Dynamic characteristics of thin vapor layers at substrate temperatures below the Leidenfrost point

Abstract

Volatile drops can levitate on hot substrates by forming a thin vapor layer beneath them. The minimum temperature for stable vapor layer formation is called the Leidenfrost point, but the transition mechanism remains unclear. To investigate this, we studied the liquid–solid contact of Leidenfrost drops below the Leidenfrost point. Steady-state, pancake-like water drops were generated by sandwiching water between a hot substrate and a glass capillary, forming nearly flat vapor films while maintaining constant volume. Vapor film shapes (with thicknesses on the order of $10^0$ $\mu m$, confirmed experimentally and by a heat conduction model) were observed by interferometry. Although the films were generally stable for several minutes, microscopic perturbations consistently appeared and stochastic, sudden liquid–solid contacts, likely induced by van der Waals interactions, occurred at a peak of the perturbations. The selection rules for the wavelength and amplitude of the perturbation (measured as $\sim$300–400 $\mu m$ and $\sim$2 $\mu m$, respectively) were revealed by scaling analysis, derived from the balance between the vapor flow pressure drop and local Laplace pressure.
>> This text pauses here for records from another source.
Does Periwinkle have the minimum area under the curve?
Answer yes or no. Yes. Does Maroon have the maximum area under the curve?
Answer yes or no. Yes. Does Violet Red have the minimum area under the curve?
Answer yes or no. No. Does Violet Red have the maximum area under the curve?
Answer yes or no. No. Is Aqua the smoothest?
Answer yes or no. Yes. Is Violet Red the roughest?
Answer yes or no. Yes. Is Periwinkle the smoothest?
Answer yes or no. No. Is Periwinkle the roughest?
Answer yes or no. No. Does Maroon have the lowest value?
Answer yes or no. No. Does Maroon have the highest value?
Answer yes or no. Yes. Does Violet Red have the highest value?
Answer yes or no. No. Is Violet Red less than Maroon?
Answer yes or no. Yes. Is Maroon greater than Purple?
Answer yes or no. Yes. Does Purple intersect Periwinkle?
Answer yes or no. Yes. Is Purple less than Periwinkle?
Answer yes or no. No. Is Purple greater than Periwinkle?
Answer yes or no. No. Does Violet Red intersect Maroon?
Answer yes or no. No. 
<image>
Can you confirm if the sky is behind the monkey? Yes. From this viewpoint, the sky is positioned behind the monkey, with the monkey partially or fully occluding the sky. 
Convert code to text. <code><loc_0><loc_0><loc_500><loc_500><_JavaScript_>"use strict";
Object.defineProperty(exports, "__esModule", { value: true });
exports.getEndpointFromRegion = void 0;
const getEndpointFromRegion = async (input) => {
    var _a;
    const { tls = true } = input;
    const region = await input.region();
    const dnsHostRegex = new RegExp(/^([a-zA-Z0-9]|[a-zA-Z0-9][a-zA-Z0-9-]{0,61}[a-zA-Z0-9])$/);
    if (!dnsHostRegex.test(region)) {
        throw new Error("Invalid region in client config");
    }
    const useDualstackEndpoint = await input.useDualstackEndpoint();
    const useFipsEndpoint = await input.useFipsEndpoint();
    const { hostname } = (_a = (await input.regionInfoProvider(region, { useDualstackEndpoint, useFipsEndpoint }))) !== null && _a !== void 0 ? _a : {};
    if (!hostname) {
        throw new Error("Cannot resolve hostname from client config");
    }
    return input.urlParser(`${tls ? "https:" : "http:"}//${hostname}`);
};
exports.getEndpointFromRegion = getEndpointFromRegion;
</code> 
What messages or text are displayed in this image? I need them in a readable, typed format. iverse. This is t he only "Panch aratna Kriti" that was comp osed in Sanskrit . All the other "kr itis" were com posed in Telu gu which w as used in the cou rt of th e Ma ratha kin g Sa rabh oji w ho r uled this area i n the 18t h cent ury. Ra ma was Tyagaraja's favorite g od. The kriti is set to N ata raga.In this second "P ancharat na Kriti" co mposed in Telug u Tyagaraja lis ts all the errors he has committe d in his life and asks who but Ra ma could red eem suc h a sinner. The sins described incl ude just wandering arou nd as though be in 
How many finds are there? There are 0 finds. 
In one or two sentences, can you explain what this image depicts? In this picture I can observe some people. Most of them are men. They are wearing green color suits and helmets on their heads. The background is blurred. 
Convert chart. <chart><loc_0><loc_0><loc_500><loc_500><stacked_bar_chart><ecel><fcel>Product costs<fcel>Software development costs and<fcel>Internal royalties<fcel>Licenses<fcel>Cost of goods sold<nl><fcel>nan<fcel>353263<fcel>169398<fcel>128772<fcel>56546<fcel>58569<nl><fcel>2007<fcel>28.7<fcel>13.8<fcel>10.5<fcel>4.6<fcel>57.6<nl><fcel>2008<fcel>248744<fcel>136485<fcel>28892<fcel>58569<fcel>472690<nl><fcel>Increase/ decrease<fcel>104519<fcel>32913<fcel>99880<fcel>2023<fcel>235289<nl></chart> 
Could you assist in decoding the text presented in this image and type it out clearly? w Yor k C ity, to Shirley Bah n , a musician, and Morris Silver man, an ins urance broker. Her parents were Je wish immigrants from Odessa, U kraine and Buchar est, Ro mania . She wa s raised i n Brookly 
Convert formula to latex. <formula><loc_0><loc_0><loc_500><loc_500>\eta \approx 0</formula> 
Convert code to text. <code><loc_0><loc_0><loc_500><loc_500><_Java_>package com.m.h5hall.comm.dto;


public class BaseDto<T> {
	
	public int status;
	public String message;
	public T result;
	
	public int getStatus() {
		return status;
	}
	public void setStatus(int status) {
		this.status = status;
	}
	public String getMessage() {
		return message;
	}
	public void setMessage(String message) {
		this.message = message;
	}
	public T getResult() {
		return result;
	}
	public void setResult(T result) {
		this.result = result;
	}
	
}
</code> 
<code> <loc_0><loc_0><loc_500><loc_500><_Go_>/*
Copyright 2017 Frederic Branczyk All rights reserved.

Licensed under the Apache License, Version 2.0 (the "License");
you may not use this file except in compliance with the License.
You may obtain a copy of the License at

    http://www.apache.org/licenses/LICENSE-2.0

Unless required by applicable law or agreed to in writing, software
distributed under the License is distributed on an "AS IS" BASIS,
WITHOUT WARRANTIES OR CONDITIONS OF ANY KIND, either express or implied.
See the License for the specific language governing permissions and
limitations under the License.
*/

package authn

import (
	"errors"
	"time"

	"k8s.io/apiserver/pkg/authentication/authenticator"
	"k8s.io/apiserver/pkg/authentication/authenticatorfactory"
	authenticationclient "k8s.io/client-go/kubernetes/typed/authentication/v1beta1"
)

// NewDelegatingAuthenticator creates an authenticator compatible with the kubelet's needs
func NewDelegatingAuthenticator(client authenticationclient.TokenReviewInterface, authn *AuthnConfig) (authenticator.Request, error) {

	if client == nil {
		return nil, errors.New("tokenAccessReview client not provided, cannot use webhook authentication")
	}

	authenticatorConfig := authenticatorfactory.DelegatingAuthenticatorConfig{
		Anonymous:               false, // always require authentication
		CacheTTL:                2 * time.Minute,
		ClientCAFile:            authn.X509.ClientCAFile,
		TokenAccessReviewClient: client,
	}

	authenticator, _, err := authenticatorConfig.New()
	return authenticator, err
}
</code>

Because the wavelength and amplitude were nearly insensitive to substrate temperature for a given drop radius, liquid–solid contact likely occurs when the vapor thickness approaches the perturbation amplitude. The liquid–solid contact is then driven by the natural resonance of the drops, which induces van der Waals interactions. Additionally, the effects of high (sapphire) and low (quartz) conductivity substrates were examined using an unsteady heat-conduction model, revealing that low-conductivity substrates exhibit larger local cooling, potentially promoting contact events.